Dari data pelacakan satelit mendapati fakta bahwa hiu paus betina dan dewasa sering menggunakan laut dalam seperti ngarai dan gunung laut. Sementara, jantan muda tetap menjadikan perairan dangkal yang kaya akan plankton sebagai tempat berkumpul.
“Itu membantu mereka untuk tumbuh dengan cepat.”
Menurut dia, hiu paus memiliki dinamika populasi di empat lokasi dengan dominasi jantan muda yang rata-rata berukuran 4-5 meter. Hal itu menandakan, keempatnya adalah habitat pembesaran. Untuk itu, sangat penting melakukan upaya pengelolaan wisata berbasis bagan secara hati-hati untuk kurangi risiko hiu paus terluka.
Berdasarkan hasil riset, ada 76,9% hiu paus di BLKB terluka, mulai dari abrasi/goresan, sayatan, amputasi sirip, hingga bekas gigitan pemangsa.
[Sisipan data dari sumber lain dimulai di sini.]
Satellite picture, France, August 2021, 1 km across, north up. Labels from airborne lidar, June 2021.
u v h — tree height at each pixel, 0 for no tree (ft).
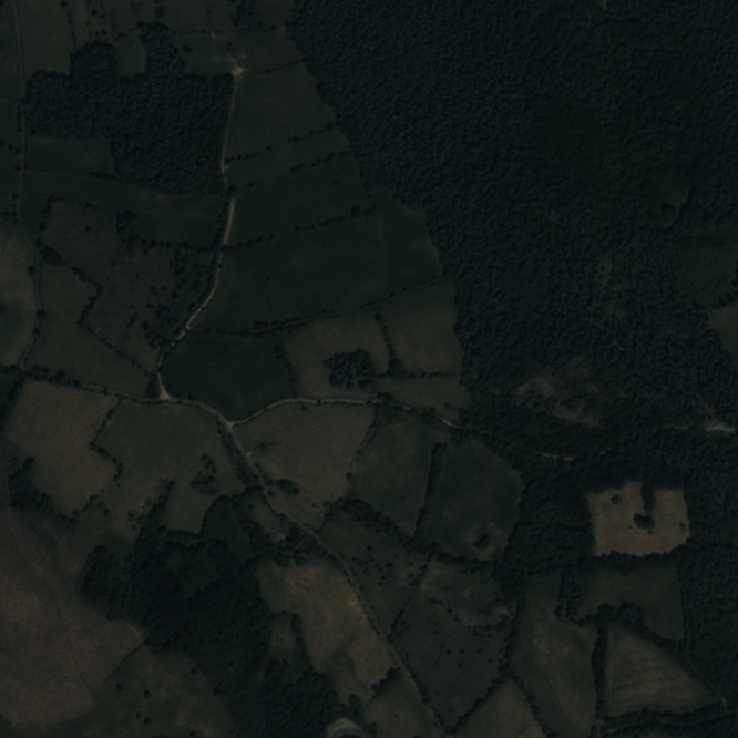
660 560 44
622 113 50
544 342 32
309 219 0
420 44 55
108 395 23
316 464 0
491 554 0
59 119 70
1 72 0
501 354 28
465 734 0
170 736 0
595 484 58
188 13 0
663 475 45
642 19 29
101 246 0
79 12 0
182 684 0
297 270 0
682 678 0
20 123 26
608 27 48
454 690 0
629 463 45
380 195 0
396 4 52
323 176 0
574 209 36
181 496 0
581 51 47
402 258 0
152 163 76
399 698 0
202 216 0
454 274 25
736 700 31
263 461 0
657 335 57
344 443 0
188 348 0
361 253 0
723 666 30
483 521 0
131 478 0
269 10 0
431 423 31
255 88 0
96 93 57
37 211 0
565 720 0
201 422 0
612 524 0
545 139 48
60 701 0
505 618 21
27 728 0
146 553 31
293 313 0
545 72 49
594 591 0
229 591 69
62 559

Dari jumlah itu, interaksi manusia melalui perikanan atau wisata bagan tetap tinggi, utamanya di perairan Kaimana. Sebab itu, tim merekomendasikan desain bagan ramah hiu paus, penerapan kode etik wisata, dan pengawasan ketat aktivitas perikanan serta pelayaran.
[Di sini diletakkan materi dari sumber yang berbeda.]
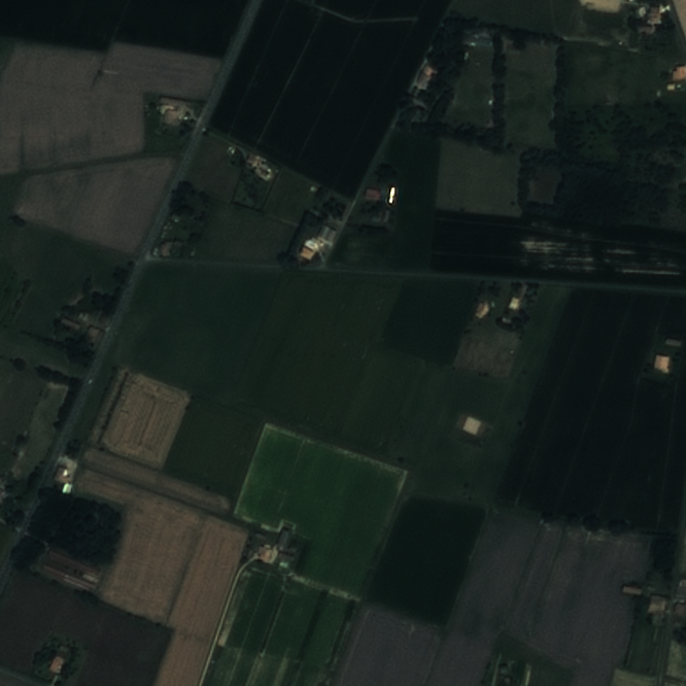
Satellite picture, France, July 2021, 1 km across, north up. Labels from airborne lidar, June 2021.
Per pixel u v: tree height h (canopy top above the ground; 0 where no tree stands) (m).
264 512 0
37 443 0
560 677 0
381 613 0
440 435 0
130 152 0
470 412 0
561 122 14
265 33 0
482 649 0
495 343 0
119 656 0
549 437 0
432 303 0
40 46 0
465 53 12
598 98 0
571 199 18
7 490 8
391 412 0
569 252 0
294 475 0
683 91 0
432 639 0
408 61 0
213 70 0
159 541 0
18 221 11
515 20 0
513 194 0
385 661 0
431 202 0
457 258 0
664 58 0
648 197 11
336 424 0
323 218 8
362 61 0
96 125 0
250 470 0
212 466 0
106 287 0
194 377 0
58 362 0
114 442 0
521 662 0
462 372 0
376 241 0
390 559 0
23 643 0
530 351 0
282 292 0
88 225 0
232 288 0
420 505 0
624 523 15
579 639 0
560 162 18
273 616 0
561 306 0
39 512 10
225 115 0
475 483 0
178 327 0
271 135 0
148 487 0
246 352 0
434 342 0
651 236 0
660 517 0
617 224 16
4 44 0
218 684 0
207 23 0
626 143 8
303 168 0
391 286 0
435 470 0
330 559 0
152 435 0
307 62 0
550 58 0
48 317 0
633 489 0
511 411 0
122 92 0
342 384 0
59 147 0
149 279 0
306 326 0
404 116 10
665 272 0
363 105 0
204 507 0
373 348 0
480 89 0
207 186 0
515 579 0
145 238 0
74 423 0
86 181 0
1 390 0
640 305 0
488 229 0
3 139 0
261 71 0
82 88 0
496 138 14
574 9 0
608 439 0
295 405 0
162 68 0
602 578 0
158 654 0
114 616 0
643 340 0
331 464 0
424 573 0
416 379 0
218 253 0
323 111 0
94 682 0
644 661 0
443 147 0
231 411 0
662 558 15
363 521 0
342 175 0
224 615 0
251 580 0
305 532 0
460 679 0
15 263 0
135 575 0
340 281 0

“Tim peneliti mendorong regulasi modifikasi bagan, seperti menghilangkan bagian tajam untuk mengurangi risiko luka saat hiu paus berinteraksi di sekitar bagan.”
Menurut Iqbal, konservasi hiu paus adalah tanggung jawab bersama, bukan oleh satu pihak saja.
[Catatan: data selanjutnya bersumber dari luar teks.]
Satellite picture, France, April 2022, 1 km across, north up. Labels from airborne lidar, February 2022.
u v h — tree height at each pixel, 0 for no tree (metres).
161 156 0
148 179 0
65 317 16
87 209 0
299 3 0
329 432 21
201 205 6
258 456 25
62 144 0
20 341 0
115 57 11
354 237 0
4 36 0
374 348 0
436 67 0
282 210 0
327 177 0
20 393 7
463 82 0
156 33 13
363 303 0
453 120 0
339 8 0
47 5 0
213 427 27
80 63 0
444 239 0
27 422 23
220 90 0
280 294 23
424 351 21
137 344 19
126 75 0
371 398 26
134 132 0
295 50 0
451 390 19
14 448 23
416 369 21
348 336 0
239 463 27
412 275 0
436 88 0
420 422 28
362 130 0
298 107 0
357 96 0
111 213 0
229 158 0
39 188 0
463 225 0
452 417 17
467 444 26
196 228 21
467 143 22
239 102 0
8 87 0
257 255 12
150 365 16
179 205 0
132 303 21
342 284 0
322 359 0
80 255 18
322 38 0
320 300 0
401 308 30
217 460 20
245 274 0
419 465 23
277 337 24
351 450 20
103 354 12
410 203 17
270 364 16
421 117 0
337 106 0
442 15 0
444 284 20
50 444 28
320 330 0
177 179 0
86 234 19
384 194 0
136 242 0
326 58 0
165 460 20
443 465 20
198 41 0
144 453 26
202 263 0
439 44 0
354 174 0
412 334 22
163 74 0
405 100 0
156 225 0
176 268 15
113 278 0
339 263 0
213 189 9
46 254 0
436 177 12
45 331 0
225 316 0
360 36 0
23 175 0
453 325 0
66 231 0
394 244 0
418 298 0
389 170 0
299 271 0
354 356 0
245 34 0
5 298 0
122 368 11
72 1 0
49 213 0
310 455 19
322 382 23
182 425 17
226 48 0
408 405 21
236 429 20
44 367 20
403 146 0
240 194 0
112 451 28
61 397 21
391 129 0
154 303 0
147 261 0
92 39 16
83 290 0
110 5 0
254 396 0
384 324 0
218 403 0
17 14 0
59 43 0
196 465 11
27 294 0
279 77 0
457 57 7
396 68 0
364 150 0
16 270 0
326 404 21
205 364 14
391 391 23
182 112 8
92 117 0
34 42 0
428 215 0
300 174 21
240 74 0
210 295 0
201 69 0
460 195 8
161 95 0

“Bukan hanya ilmuwan, tetapi juga masyarakat, pelaku wisata, dan pelaut. Pariwisata hiu paus dapat menjadi penggerak ekonomi lokal, namun harus terkelola dengan aturan yang jelas agar tidak menimbulkan luka pada hiu paus maupun dampak negatif pada ekosistem,” katanya.
Dalam laporannya, tim juga rekomendasikan pengelolaan dan penelitian hiu paus, mendorong perluasan pemantauan dan identifikasi individu berbasis data foto ID lintas lembaga, melibatkan wisatawan, nelayan, dan masyarakat.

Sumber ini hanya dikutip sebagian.